Dreams & Due Diligence: Till and McCulloch's Stem Cell Discovery and Legacy

  • Joe Sornberger
University of Toronto Press, 2011 184 pp., hardcover, $29.95 1442644850 | ISBN: 1-442-64485-0

Joe Sornberger is a professional writer commissioned by the Canadian Stem Cell Foundation to create a monograph on the Canadian legacy of the collaborative efforts of James Till and the late Ernest 'Bun' McCulloch, whose seminal work was the discovery of a mouse bone marrow cell that they called the spleen colony-forming cell.

In a study designed to determine radiation sensitivity of mouse bone marrow cells, they noticed unexpected lumps on the spleens of the irradiated and bone marrow transplanted mice. Several of those lumps turned out to be colonies of blood cells derived from progenitors capable of giving rise to granulocytes, megakaryocytes or erythrocytes.

A splendidly written foreword by Alan Bernstein, a leader of Canadian biomedical science and a former student of the researchers, puts their work in clear scientific perspective. Their discovery, as well as the vital contributions of Donald Metcalf and his co-workers in Australia and of Leo Sachs in Israel, both of whom developed culture conditions that permitted much simpler growth of hematopoietic colonies in vitro, set the stage for a subsequent explosion of information on the regulation of normal and malignant hematopoiesis.

The book is based on a series of interviews with Till and McCulloch and with many of their most distinguished students at the Ontario Cancer Institute (aka the Princess Margaret Hospital) in Toronto whose independent careers have brought substantial credit to Canadian biomedical science.

Sornberger profitably explores the relationship between the two men. Unlike many successful scientific collaborators, such as Nobel Prize winners Michael Brown and Joseph Goldstein, who discovered the pathways that regulate serum cholesterol, or Michael Bishop and Harold Varmus, who demonstrated the role of oncogenes and their derivation from viruses, the approaches of Till and McCulloch to scientific work were totally orthogonal. They also came from widely disparate social and scientific backgrounds. But friendships are often built because each of the partners sees in the other qualities that they desire in themselves. Till and McCulloch made a landmark discovery largely because they were capable of observing and appreciating the importance of completely unexpected findings. The ability to notice and pursue the unanticipated result is key to both excellent science and clinical care.

Sornberger is a writer, not a critical scientist, so readers will not gain much insight into the history of the study of hematopoieisis before and after Till's and McCulloch's seminal finding. And there is a bit of Canadiocentric chauvinism expressed in the pages. For example, Ronald Worton, former Scientific Director of the Ottawa Health Research Institute, is a splendid geneticist and a major contributor to inherited muscular diseases, but he is not the discoverer of the muscular dystrophy–associated gene, as Sornberger seems to suggest. It is strange that he does not mention that Louis Kunkel of Children's Hospital in Boston and his colleagues made key contributions to that discovery. Tak Mak of Toronto is an outstanding molecular biologist, but not the discoverer of the T cell receptor. But this criticism might be considered caviling. The fact is that the students of Till and McCulloch are highly distinguished members of the scientific, and particularly hematologic, communities.
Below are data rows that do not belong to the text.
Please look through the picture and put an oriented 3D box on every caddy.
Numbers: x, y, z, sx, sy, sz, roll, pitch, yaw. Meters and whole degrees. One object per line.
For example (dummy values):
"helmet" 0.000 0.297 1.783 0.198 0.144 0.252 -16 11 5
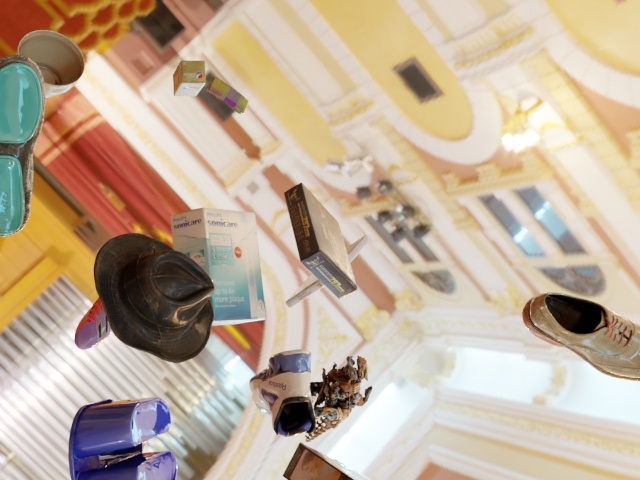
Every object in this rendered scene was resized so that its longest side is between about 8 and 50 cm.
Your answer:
"caddy" -0.447 0.472 1.936 0.179 0.241 0.341 -9 174 7

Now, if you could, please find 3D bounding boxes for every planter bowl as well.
"planter bowl" -0.678 -0.422 2.167 0.109 0.162 0.162 -39 -170 49

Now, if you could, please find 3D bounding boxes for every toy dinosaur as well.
"toy dinosaur" 0.022 0.451 2.458 0.164 0.218 0.322 -129 -124 -72

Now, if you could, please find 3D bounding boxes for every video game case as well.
"video game case" 0.021 0.088 2.480 0.206 0.026 0.227 -35 -174 39

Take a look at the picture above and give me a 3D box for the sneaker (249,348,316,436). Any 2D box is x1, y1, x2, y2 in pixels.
"sneaker" -0.093 0.403 2.145 0.315 0.127 0.182 118 -31 -58

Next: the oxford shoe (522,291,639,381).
"oxford shoe" 0.597 0.204 1.823 0.130 0.348 0.123 95 15 -73

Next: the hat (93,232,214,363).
"hat" -0.326 0.102 1.919 0.134 0.331 0.331 -30 -163 30

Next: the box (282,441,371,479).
"box" 0.057 0.533 1.849 0.087 0.169 0.290 -62 -155 -8

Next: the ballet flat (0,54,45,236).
"ballet flat" -0.760 -0.245 2.112 0.182 0.164 0.483 -119 -142 -52

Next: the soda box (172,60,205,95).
"soda box" -0.330 -0.404 2.193 0.061 0.058 0.181 -3 179 -16

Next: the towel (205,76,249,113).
"towel" -0.176 -0.275 1.662 0.009 0.083 0.060 -48 -164 33

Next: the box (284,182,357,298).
"box" 0.000 0.000 2.073 0.059 0.183 0.233 -30 -135 15

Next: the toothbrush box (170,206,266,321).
"toothbrush box" -0.267 0.072 2.308 0.126 0.296 0.216 -13 169 34

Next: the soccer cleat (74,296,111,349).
"soccer cleat" -0.508 0.148 2.091 0.248 0.083 0.095 -53 155 -30
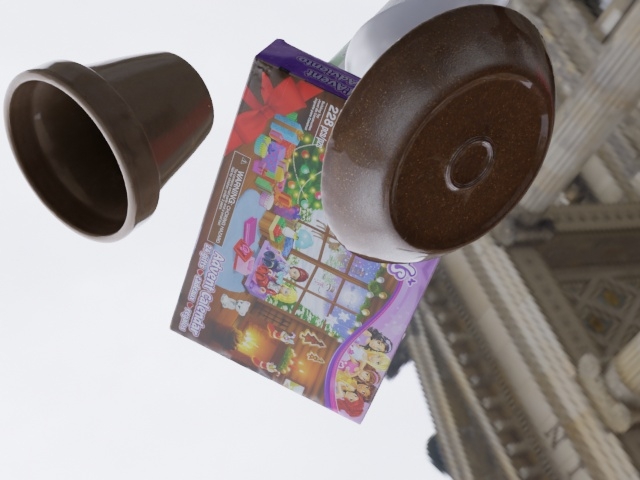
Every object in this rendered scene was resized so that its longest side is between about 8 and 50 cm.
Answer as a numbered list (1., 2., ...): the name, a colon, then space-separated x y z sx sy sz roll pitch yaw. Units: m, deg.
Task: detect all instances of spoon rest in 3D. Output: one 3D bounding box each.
1. spoon rest: 0.125 -0.199 1.061 0.137 0.276 0.084 41 -131 -7

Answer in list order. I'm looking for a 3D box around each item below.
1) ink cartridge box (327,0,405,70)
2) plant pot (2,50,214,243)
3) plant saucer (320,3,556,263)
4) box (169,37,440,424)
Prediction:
1. ink cartridge box: 0.119 -0.246 1.485 0.093 0.154 0.212 46 177 -24
2. plant pot: -0.282 -0.162 1.564 0.263 0.263 0.229 41 -130 11
3. plant saucer: 0.092 -0.059 0.739 0.199 0.198 0.036 -8 -143 -36
4. box: 0.000 0.000 0.943 0.201 0.293 0.057 25 -147 7
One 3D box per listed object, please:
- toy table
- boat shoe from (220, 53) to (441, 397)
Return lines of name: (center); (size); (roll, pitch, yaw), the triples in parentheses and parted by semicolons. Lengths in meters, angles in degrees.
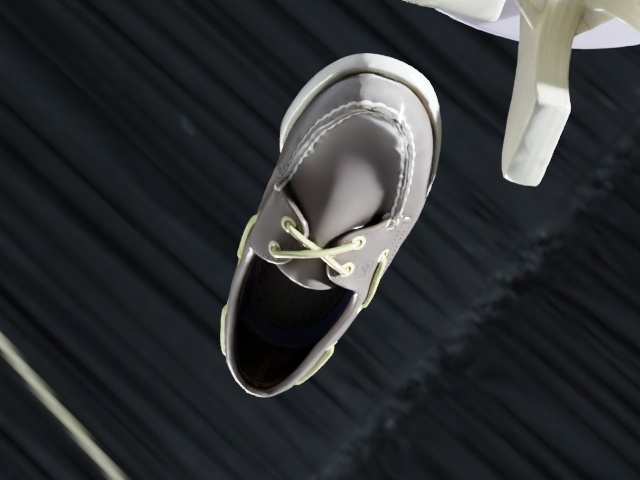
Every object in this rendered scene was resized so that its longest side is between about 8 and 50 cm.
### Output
toy table: (0.164, -0.181, 1.015); (0.161, 0.274, 0.252); (-90, -177, -53)
boat shoe: (0.000, 0.000, 1.084); (0.324, 0.116, 0.097); (118, -7, -51)
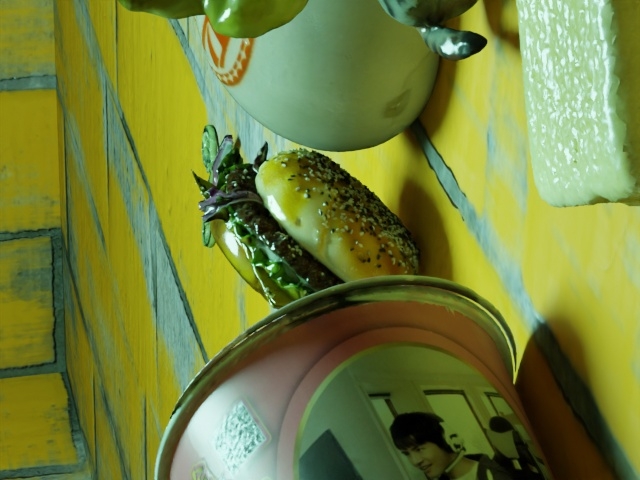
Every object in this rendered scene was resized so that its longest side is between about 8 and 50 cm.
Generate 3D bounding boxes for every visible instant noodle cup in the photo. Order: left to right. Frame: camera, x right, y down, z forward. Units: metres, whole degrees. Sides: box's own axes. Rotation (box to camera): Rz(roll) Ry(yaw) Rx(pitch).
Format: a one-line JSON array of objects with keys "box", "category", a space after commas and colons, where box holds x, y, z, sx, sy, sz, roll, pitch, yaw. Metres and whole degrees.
[{"box": [0.052, 0.187, 1.052, 0.255, 0.244, 0.244, -118, 25, -42], "category": "instant noodle cup"}]

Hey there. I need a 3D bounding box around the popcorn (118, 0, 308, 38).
[{"box": [-0.107, -0.248, 1.096, 0.242, 0.250, 0.235, 24, 85, 59], "category": "popcorn"}]

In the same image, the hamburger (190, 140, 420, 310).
[{"box": [-0.003, -0.003, 1.328, 0.189, 0.093, 0.164, 46, -169, 27], "category": "hamburger"}]

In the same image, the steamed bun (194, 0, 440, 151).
[{"box": [-0.013, -0.173, 1.297, 0.232, 0.145, 0.232, 174, 90, -77], "category": "steamed bun"}]

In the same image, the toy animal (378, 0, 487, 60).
[{"box": [0.061, -0.235, 1.111, 0.170, 0.090, 0.255, 108, 156, -69], "category": "toy animal"}]

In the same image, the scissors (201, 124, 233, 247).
[{"box": [-0.107, -0.066, 2.011, 0.187, 0.020, 0.133, 151, 118, -77], "category": "scissors"}]

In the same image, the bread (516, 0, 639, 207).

In the final section of the book, Sornberger launches into a discussion of the controversy over human embryonic stem cells. However, it is a very long stretch from the classic experiments of Till and McCulloch, who focused largely on the relatively mature myeloid stem cells that produce granulocytes, platelets and red blood cells, to the totipotential embryonic stem cells that are capable of giving rise to all of the cells of the body. Nonetheless, the author plunges into the furiously debated morass of embryonic stem cell research without adding very much resolution to the conflict. He is properly outraged that unscrupulous hucksters are selling injections of so-called 'stem cells' to desperate patients, but hucksterism has been part of the US if not the Canadian medical culture since colonial days. That it persists is a terrible disgrace.

Toward the book's end, the author decries the fact that Till and McCulloch never received a Nobel Prize. But that is probably not due to lack of appreciation of their work. In my opinion, this failure relates to the difficulty that the Nobel Committee must have had when they tried to limit the assignment of the prize to three people. The development of the field depended on both in vivo (Till and McCulloch) and in vitro (Donald Metcalf and Leo Sachs) experiments, and four researchers are simply one too many for the Nobel Prize. That particular prize notwithstanding, theirs was truly a seminal discovery.

In summary, this is an interesting short book because the author interviewed some of the best experimental hematologists in the world to gather the data he needed to write it. Their thoughts about the field and about Till and McCulloch are valuable archives. The writing style is clear, but the material is not groundbreaking. It stands as a tribute to a collaboration between two totally disparate individuals who came together to do a great experiment and expanded a great cancer center, the Ontario Cancer Institute. That may be reason enough to catch the attention of basic and physician scientists.